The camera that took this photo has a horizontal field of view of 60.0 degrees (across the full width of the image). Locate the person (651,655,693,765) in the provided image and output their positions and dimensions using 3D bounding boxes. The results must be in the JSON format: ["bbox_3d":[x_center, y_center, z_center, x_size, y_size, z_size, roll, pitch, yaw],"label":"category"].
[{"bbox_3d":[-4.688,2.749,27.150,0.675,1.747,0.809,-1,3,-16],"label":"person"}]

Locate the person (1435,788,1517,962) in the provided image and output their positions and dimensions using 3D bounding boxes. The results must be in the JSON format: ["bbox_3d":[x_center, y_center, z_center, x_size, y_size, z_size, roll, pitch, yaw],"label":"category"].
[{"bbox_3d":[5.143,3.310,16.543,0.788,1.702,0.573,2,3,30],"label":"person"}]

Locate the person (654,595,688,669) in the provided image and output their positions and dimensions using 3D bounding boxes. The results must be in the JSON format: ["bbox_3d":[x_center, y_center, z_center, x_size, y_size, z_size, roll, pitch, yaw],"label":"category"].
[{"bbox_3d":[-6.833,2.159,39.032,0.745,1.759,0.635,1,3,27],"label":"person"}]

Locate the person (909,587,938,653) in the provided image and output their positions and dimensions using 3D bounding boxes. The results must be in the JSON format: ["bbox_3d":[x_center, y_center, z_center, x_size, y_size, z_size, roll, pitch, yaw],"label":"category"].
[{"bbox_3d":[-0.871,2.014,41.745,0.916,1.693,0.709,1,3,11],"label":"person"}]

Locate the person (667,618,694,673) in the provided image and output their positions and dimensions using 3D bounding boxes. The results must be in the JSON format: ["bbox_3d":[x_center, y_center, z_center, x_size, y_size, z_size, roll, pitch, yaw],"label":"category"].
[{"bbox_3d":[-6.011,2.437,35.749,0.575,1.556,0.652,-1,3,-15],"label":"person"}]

* * *

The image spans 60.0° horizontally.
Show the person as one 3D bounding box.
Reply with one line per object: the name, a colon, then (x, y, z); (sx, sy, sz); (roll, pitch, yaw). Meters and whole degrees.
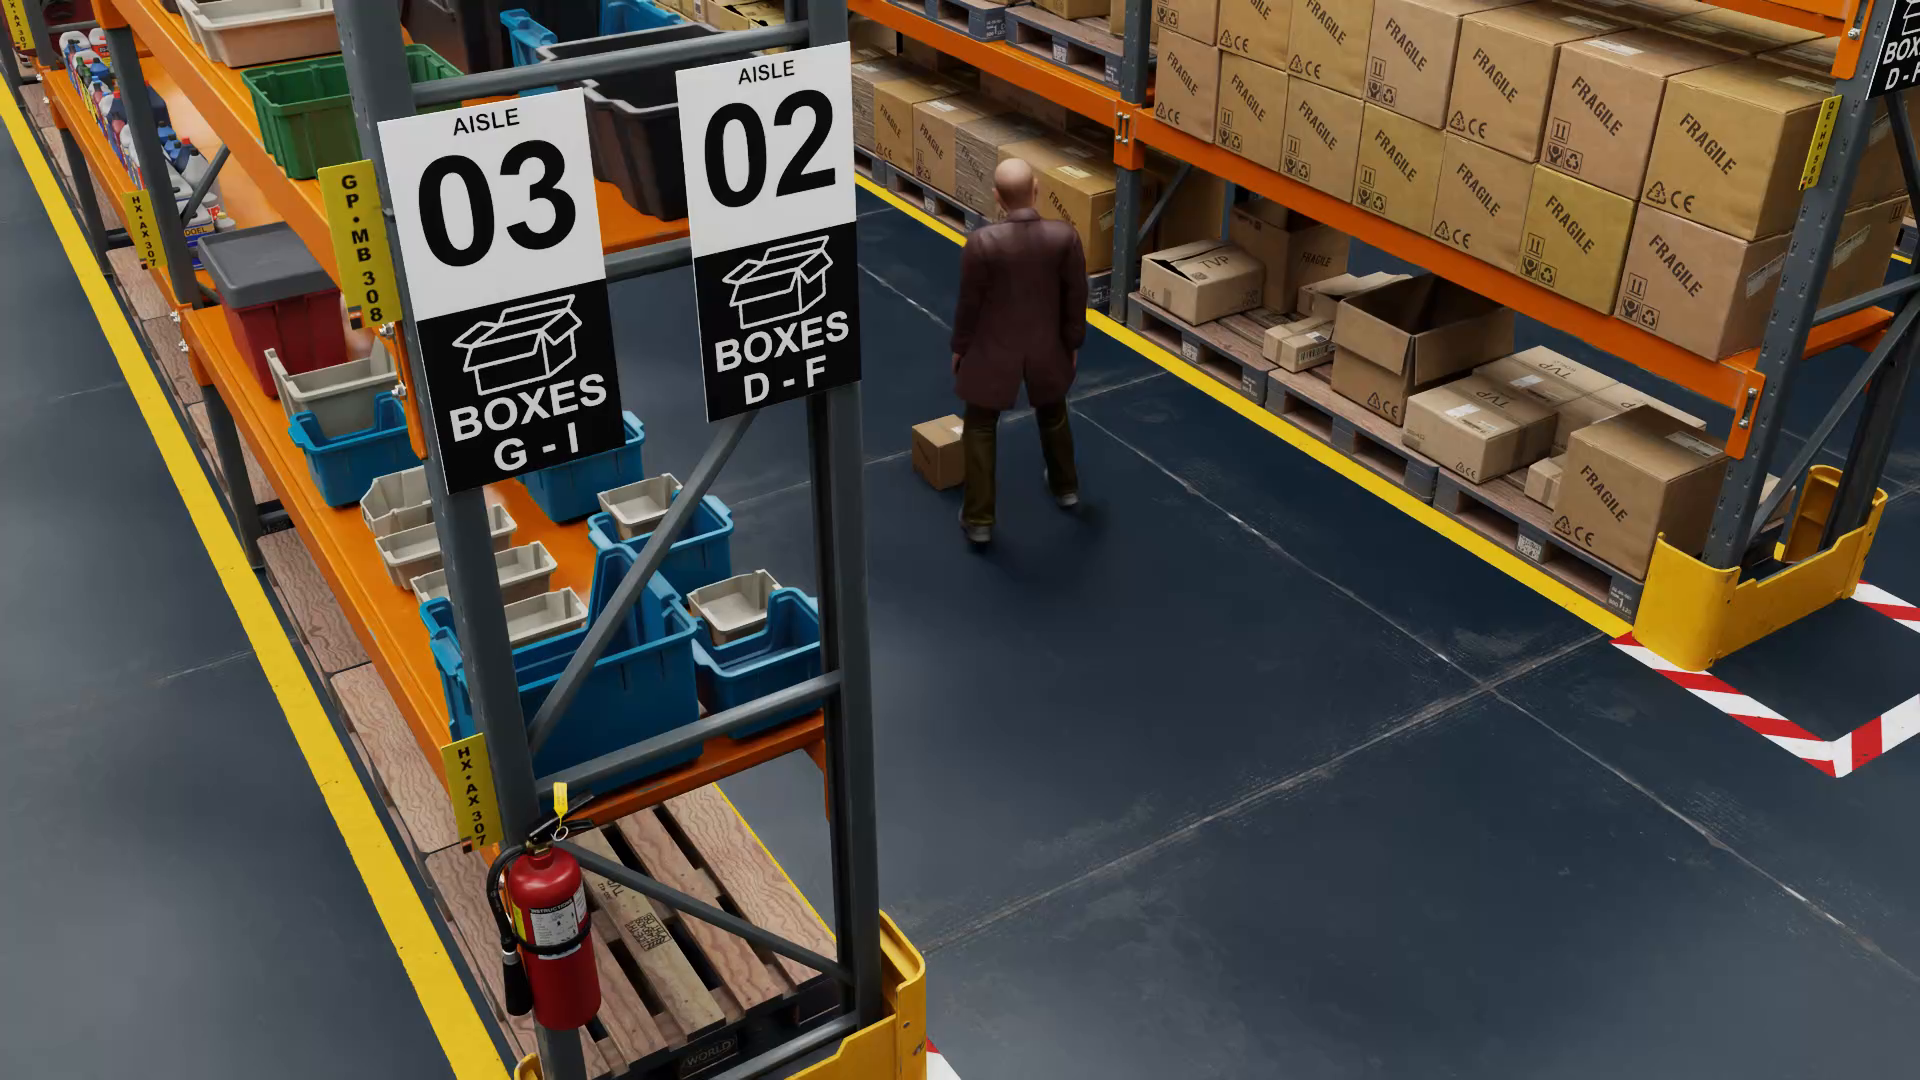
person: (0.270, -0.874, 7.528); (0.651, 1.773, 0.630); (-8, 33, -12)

--

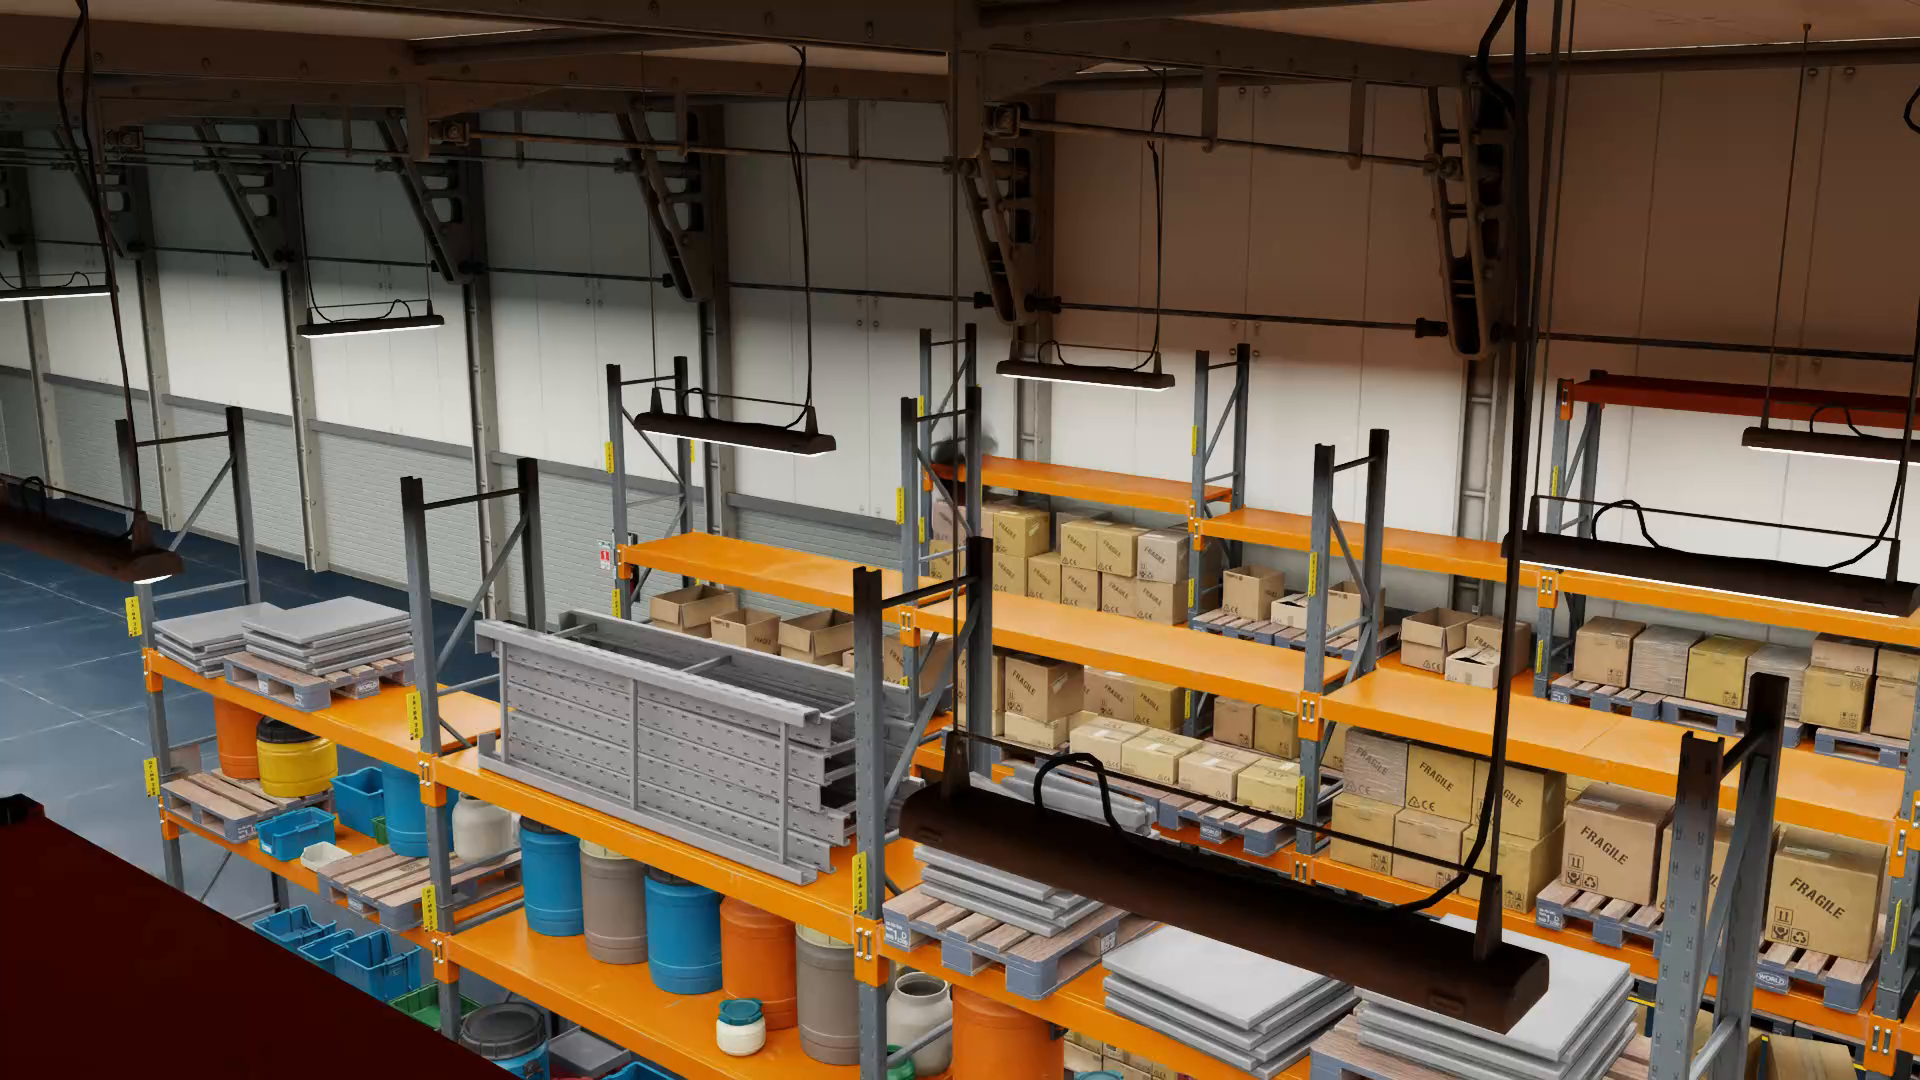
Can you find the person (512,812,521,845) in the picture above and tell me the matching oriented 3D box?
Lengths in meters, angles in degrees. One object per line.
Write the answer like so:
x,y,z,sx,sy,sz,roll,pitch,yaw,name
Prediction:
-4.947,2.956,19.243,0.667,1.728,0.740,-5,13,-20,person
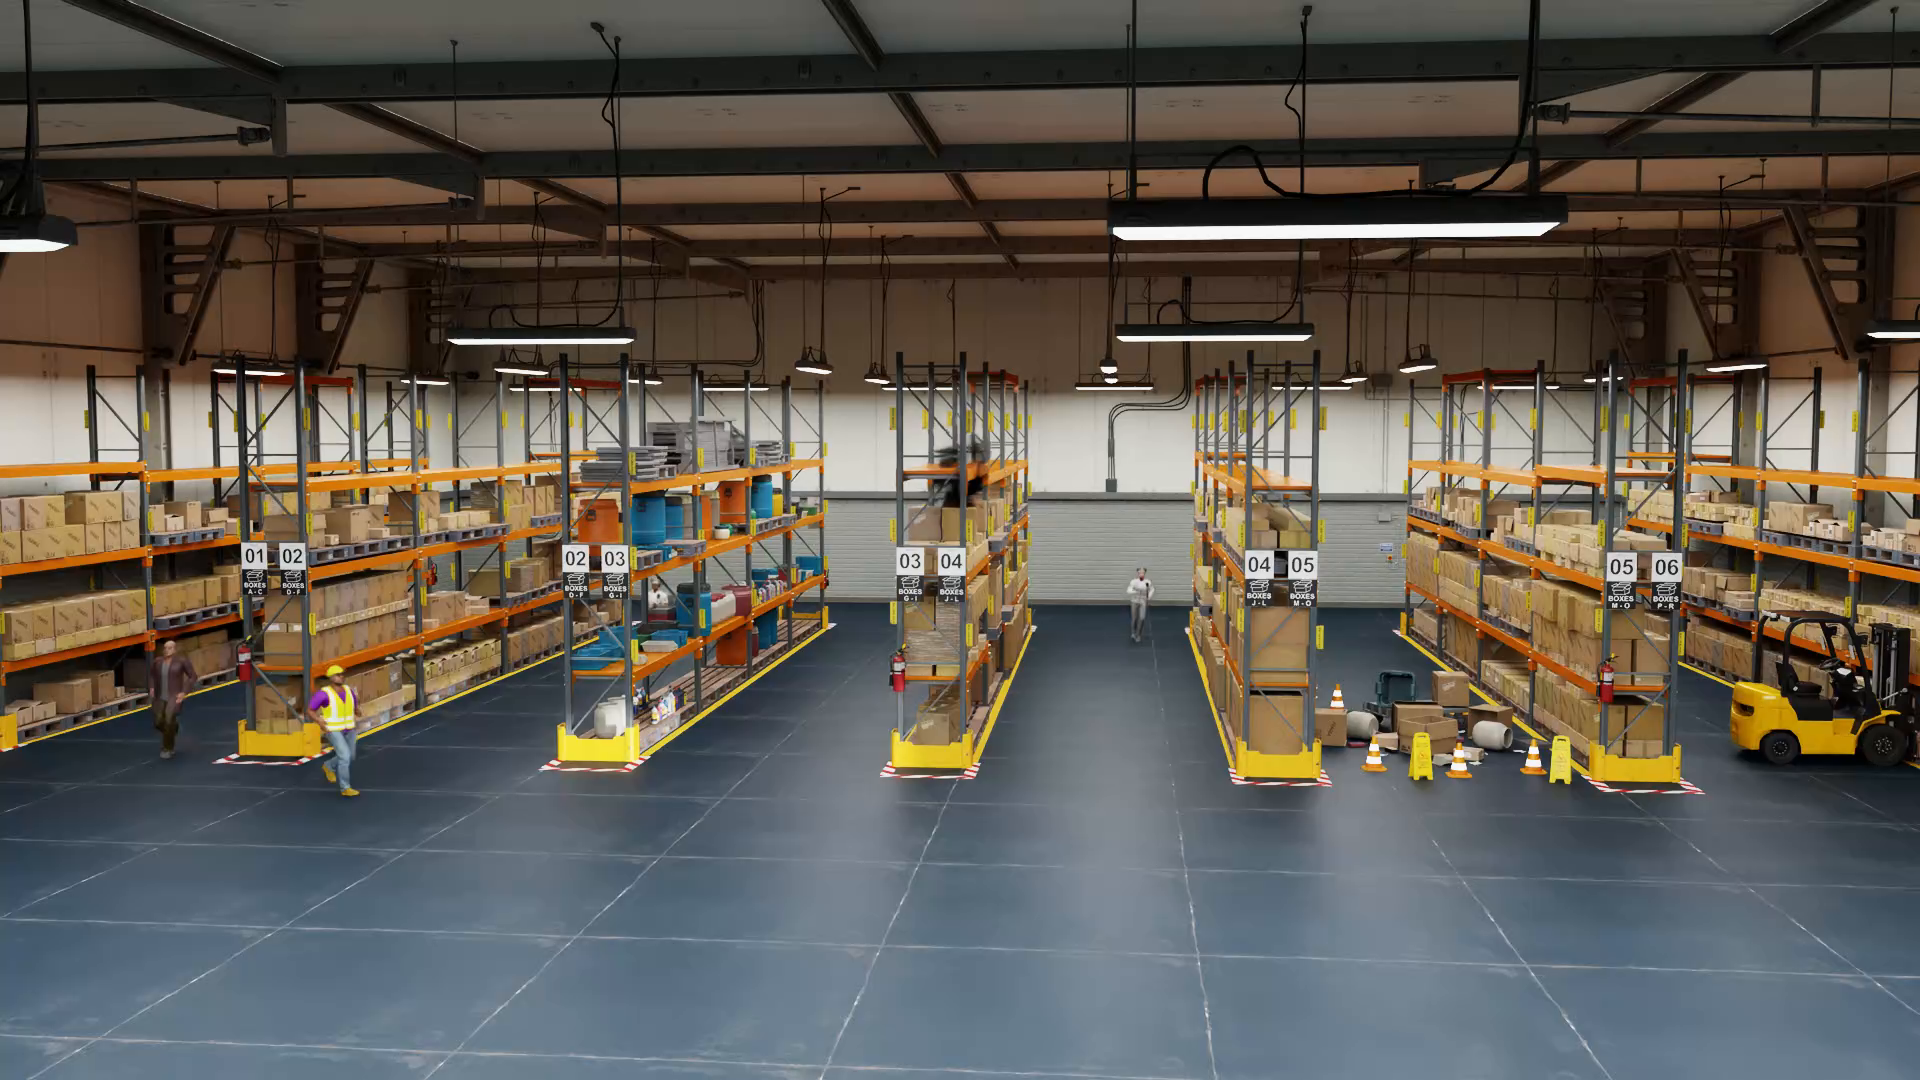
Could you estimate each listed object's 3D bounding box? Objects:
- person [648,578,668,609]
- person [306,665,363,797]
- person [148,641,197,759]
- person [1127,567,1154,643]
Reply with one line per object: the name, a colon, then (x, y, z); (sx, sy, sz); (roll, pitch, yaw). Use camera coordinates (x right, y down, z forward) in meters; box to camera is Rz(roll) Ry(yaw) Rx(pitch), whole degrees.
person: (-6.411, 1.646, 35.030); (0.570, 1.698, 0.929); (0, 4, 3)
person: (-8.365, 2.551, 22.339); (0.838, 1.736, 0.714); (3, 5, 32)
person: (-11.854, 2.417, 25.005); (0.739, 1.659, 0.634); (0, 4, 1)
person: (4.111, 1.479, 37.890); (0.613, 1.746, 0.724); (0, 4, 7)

» **REQUIRED ACTION**
Above are the entries. Quote exactly the lines from the one bearing "- person [648,578,668,609]" through the one bearing "- person [1127,567,1154,643]".

» **OUTPUT FOR THIS EXERCISE**
- person [648,578,668,609]
- person [306,665,363,797]
- person [148,641,197,759]
- person [1127,567,1154,643]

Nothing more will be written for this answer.